As far as I can determine (and objective data is hard to come by these days), Cisco WebEx still has the highest market share in both web conferencing and “web events” (structured, larger audience webinars/webcasts). I checked with Andy Nilssen at Wainhouse Research, who backed my assumption. Forrester Research actually showed Cisco’s products running just behind Microsoft products in a self-reported survey of 1,000 information workers taken in late 2012, but Microsoft Live Meeting is a dead product, so I discount that for web events.

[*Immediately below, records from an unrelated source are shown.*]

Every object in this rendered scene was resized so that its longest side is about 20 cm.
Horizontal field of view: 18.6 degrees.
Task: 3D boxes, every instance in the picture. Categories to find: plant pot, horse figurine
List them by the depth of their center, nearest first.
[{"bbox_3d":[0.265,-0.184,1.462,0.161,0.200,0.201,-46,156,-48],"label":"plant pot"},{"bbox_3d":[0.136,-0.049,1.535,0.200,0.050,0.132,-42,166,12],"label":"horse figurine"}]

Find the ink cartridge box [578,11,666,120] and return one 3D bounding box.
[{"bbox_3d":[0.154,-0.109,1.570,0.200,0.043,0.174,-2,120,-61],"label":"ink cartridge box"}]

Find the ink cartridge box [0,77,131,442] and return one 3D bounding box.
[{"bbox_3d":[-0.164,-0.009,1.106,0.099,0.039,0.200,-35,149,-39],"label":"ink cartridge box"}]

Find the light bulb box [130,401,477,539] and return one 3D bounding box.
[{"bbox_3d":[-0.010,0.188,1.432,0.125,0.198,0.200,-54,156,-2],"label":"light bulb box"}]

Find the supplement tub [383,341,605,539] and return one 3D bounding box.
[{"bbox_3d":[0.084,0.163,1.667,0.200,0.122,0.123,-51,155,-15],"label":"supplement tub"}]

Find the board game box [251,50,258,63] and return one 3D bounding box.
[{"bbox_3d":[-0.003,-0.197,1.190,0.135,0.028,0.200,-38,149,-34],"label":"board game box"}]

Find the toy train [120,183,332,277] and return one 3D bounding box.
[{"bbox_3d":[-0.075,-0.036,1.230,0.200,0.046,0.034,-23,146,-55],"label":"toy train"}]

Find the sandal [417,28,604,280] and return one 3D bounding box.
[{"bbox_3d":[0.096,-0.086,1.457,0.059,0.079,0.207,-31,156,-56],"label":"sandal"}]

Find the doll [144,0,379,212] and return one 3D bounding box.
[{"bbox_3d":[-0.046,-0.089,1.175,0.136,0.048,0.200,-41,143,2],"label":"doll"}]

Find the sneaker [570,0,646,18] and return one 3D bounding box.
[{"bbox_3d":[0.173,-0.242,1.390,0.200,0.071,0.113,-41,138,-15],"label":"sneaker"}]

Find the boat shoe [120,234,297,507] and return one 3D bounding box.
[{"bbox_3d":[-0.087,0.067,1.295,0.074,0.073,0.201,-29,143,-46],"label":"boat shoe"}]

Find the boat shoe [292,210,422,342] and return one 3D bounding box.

As the market leader, Cisco is the de facto standard-bearer of webinar technology for many users, and I think it needs to be held to a higher level of responsibility for proper functionality. WebEx has unmatched longevity and maturity in the marketplace and Cisco has more money and resources available for R&D than most vendors.
But the fact is, WebEx Event Center imposes far too many unnecessary frustrations for webinar hosts. There is simply no excuse for the limitations it imposes on administrators and moderators trying to set up and run effective business webinars.

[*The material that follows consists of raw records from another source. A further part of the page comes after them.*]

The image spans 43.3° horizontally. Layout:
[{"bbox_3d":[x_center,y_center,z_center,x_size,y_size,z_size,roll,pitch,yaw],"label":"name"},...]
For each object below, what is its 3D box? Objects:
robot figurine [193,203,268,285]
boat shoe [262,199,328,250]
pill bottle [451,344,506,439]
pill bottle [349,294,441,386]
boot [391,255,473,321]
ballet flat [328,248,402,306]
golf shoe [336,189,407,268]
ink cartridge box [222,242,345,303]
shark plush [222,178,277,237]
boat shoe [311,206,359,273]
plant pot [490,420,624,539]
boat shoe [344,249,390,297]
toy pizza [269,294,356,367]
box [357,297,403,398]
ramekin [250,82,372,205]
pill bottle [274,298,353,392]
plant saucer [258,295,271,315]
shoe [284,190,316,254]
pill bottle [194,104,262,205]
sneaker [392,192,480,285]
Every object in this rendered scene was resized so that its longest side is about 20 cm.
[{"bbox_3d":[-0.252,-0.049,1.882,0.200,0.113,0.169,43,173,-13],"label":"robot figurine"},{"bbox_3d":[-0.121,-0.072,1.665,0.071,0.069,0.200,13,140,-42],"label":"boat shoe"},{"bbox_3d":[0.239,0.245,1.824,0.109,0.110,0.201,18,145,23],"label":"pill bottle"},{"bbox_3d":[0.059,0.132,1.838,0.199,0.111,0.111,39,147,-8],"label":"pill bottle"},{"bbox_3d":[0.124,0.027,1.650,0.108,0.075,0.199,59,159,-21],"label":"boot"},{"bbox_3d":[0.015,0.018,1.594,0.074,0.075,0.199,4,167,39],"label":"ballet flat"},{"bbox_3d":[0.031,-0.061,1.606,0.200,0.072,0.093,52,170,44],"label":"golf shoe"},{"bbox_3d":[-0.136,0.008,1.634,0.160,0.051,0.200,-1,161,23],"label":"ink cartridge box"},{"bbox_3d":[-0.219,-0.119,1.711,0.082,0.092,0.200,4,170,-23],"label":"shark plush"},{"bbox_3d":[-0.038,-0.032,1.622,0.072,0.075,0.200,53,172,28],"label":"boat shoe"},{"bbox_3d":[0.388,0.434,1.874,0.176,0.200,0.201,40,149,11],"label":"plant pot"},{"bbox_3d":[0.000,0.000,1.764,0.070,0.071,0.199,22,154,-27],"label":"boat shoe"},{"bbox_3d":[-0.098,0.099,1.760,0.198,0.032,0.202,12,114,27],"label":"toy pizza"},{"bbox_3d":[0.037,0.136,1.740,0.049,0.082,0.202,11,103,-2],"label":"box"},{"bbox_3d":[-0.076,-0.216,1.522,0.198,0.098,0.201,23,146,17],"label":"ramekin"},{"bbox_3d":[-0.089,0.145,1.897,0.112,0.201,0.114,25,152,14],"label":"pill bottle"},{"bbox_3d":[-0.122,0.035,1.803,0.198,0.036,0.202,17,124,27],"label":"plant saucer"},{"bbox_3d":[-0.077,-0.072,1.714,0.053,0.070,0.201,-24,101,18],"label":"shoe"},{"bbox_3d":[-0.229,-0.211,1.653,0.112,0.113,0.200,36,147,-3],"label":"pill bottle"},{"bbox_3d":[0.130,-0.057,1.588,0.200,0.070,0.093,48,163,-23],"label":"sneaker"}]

I am going to briefly run through my top six gripes about the product. Aside from #1, these are not bugs per se, they are just bad design decisions. I have commented on some of them in this blog over the past decade. But as I wrote in 2012, Event Center doesn’t seem to have any forward momentum. That is a serious problem, and issues such as these don’t speak well for the industry leader.
On to specifics:
1) Improper PowerPoint Conversions. I’m not talking about fancy new things introduced in the latest PowerPoint 2014 release. Basic graphic shapes from PowerPoint 2003, 2007, and 2010 get misconverted and there seems to be no rhyme or reason why. I have test cases where connectors mysteriously extend the entire height of the slide. Text gets flipped. Adding an animation cuts off half an image. Fixing the problems is a matter of trial and error. Sometimes simply deleting and redrawing the shape on the source slide eliminates the bug, sometimes it doesn’t.
2) Registration/Landing Page. I honestly believe that WebEx is responsible for lowering registration performance for its customers’ webinars. Landing pages are used for event description, event registration, and event login. The triple-duty use is confusing to casual attendees. The registration button is boring and monochromatic and is placed too far from the rest of the information blocks that catch the eye. It does not adequately drive action.
Once someone clicks it and gets to the registration page itself, field layout is arbitrary and cosmetically poor.
Here is a simple registration page viewed in a browser with narrow margins. Notice that First/Last name are separated horizontally, while email and confirmation are vertical. The vendor-supplied Country/region dropdown is auto-filled with a default answer of United States of America, resulting in false data reported for any registrant who doesn’t bother to change it (not to mention the inappropriateness for international webinars).
Here is the same registration page in a wide browser window. There are huge gaps between labels and fields, and so much distance between First name/Last name that they don’t seem to have any relation to each other.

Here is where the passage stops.